*Your objective:* Report how many lines below contain the word "boxes", giving the number and no other words.

*Data for this exercise:*
*****

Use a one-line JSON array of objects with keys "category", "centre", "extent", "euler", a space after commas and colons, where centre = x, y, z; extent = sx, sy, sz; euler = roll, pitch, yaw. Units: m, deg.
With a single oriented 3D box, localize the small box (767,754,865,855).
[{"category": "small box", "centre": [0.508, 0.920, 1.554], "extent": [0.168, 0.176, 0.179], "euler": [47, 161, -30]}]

*****

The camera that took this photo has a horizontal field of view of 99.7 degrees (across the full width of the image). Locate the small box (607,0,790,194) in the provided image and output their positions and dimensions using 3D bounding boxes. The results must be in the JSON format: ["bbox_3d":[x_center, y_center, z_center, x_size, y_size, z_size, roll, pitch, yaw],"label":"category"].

*****

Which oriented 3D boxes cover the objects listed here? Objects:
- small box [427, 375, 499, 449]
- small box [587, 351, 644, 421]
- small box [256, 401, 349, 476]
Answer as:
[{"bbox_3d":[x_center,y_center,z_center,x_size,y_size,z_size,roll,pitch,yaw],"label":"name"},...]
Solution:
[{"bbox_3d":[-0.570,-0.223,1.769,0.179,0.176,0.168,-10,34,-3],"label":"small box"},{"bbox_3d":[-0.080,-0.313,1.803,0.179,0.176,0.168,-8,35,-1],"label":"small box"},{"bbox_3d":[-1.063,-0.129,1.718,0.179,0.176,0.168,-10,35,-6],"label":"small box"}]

*****

*Exercise solution:* 2